One of the reasons I was excited to visit Brookgreen this year was the selection of Louise Peterson as one of their sculptors in residence for 2009. I was quite disappointed this past spring when I couldn’t make her seminar “Modeling the Dog” work with my schedule. But I suspected that with her there, the park would probably bring out most of its canine collection, and there were pieces that had not been on display in years past that I hoped to see.

(Although the park displays hundreds of pieces at any given time, with a collection of 1,200 there are always pieces that are either on loan to other institutions or are in storage.)


“Bella and the Bug” by Louise Peterson. Peterson has a special interest in Danes, and having owned a part-Dane I have always admired her ability to capture their typical postures.


I loved how she sculpted the curve of the dog’s back and shift of the shoulders. As someone who works with horse anatomy, the flexibility dogs have in this regard is always intriguing to me.

I wasn’t disappointed. In fact, one of the first pieces we encountered was Anna Hyatt Huntington’s “Deerhounds Playing”. I had long wanted to see it in person, after having read about it in an article about the Huntington’s Deerhound breeding program. (The Huntingtons founded the first Deerhound kennel in the United States.)

If this particular piece had been on display in the Garden before, I had managed to miss it. The park is really big and things do move around, so that’s always possible!

The dynamic poses on the two dogs made it really hard to photograph them. I wish now I had taken more shots of the fur. I had read that Huntington’s treatment of the fur was a bit different on this piece than on many of her others. Hair is something I struggle with myself, so how other artists approach this is very interesting to me. I wish I had thought to take more close-up comparison shots. (I think this will be my excuse to go back again soon…)

I did get a lot of details detail pictures of “Adonis” by Eli Harvey. The piece is simply masterful. (There is a shot from the front angle in the trip report on Sarah’s blog, too.)

What I find interesting is that this sculpture is supposed to portray a young (8 month old) Greyhound. It was sculpted in 1905, so perhaps erect ears like those on the sculpture were more common in the breed then. The ears and his build give him the look of an Ibizian Hound or Pharoah Hound – at least to me – but those breeds weren’t introduced in this country until long after the sculptor’s death.

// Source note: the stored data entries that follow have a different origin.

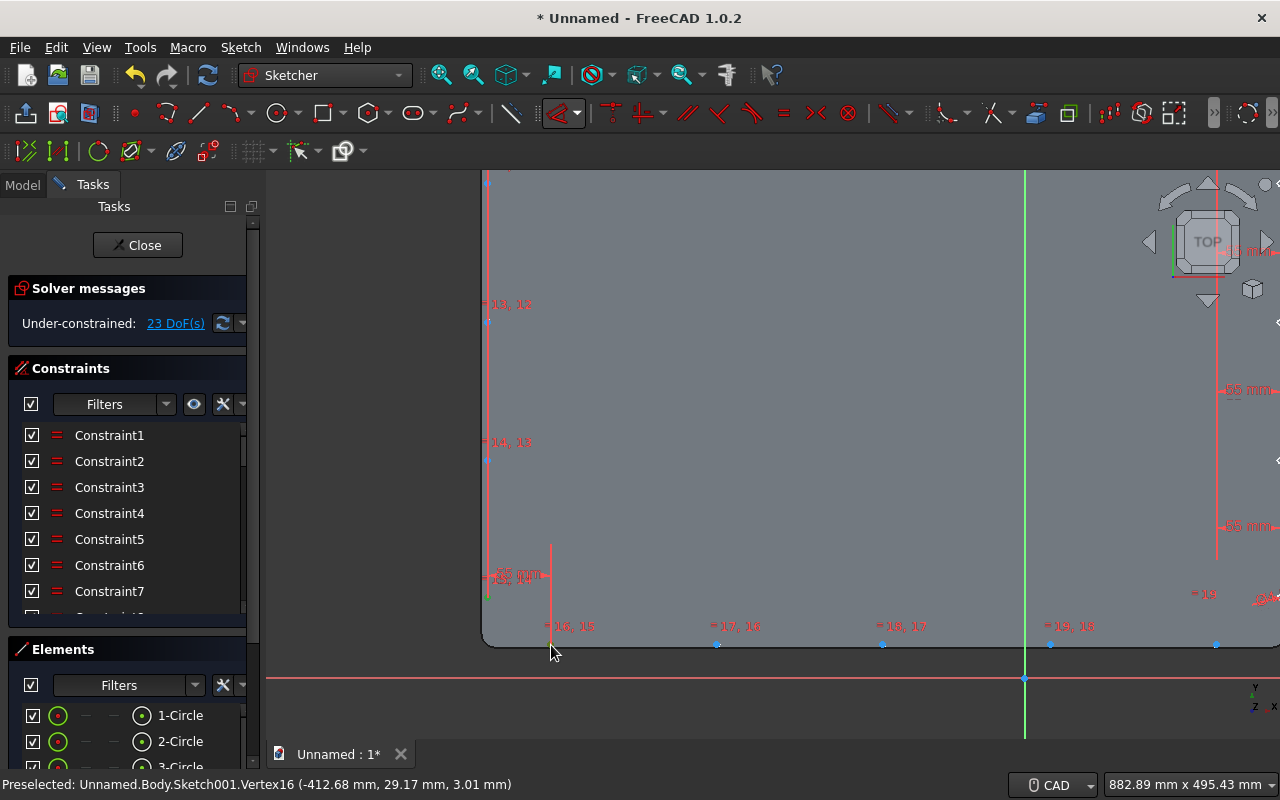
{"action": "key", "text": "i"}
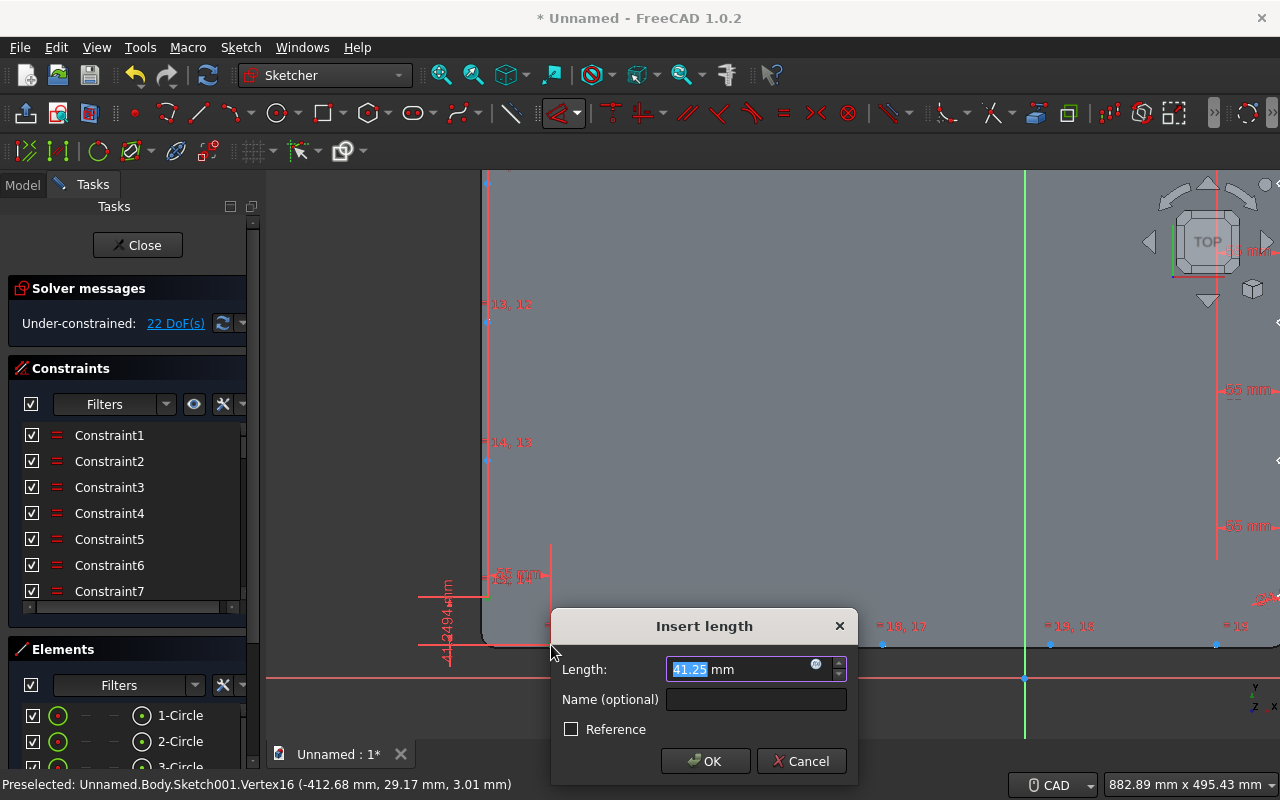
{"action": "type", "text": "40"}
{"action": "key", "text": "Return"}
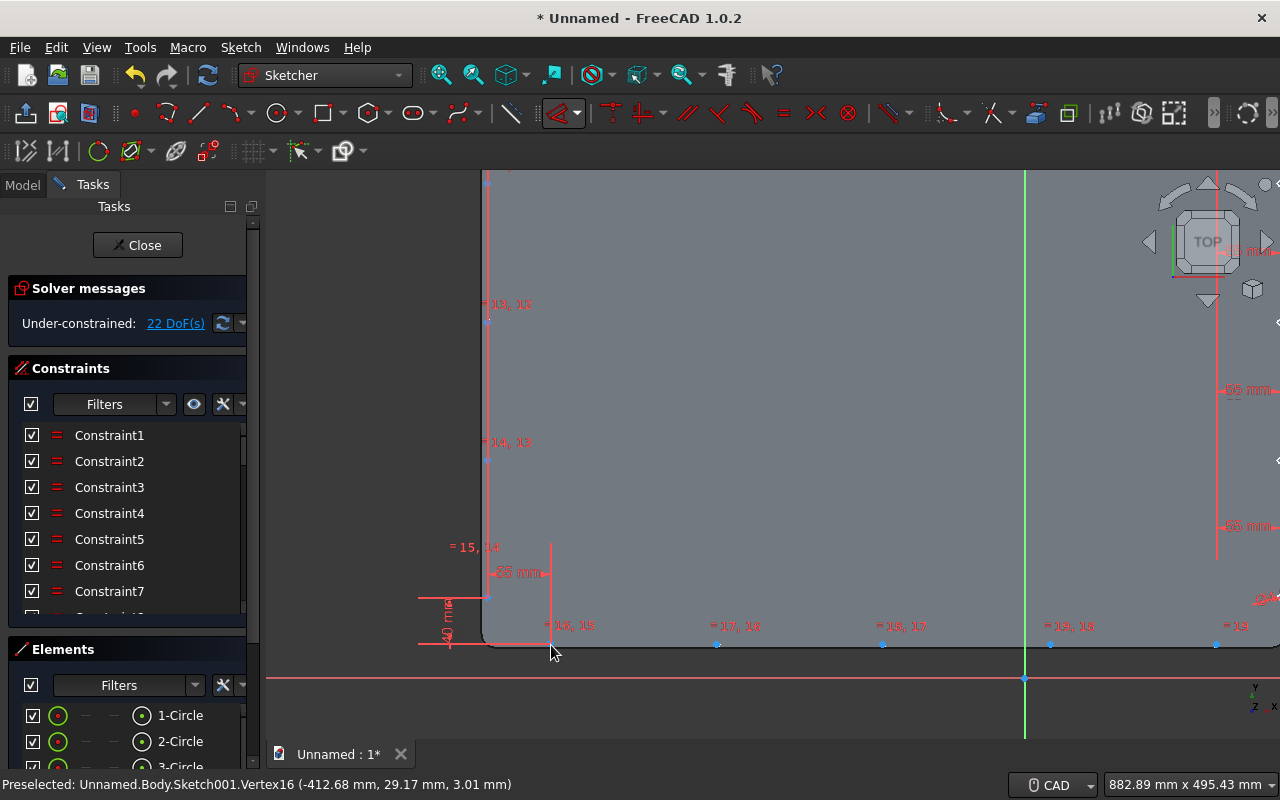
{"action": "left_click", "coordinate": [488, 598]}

The sighthounds that were common during the time most of the Brookgreen sculptures were made (early 1900s) are certainly well represented. In fact the majority of the canine sculptures are of Greyhounds and Whippets.


I believe this is a Huntington piece.


“Greyhounds Unleashed” by Katharine Lane Weems.


“Whippet” by Katharine Lane Weems. I’ve always been very fond of this one!


“Greyhound Lying Down” by Katharine Lane Weems.

There is also a life-sized Wolfhound by Zenos Frudakis near the entrance to the Brookgreen Zoo. It was another piece where I found the hair treatment very interesting. You can also see the hollows that make the iris on bronze sculptures. It gives the eyes a very natural look at a most angles, if you are standing at the normal viewing distance. It did make me wonder what the effect might be if we tried that in ceramic. I suspect it would be less effective!

This guy has eyes that are sculpted in a way far more familiar to those of us who work in the model horse community. The softened style of this particular sculpture, “The Guardian” by Sahl Swarz, has always reminded me of the ceramic artist Maureen Love.

Looking at all these dogs has made me want to pull out the small Collie I started a few years ago. I had wanted to make one for my grandfather, who grew up on the banks of Pompton Lake not far from historic Sunnybank. His family had Collies and he passed that love on to me, so I thought it would be nice to make a “proper” Collie for him. (He had quite a number of ideas about what constituted a proper Collie.) Unfortunately I didn’t get much further than bulking out the armature and assembling reference pictures of old-fashioned dogs before he passed away. Someday, though!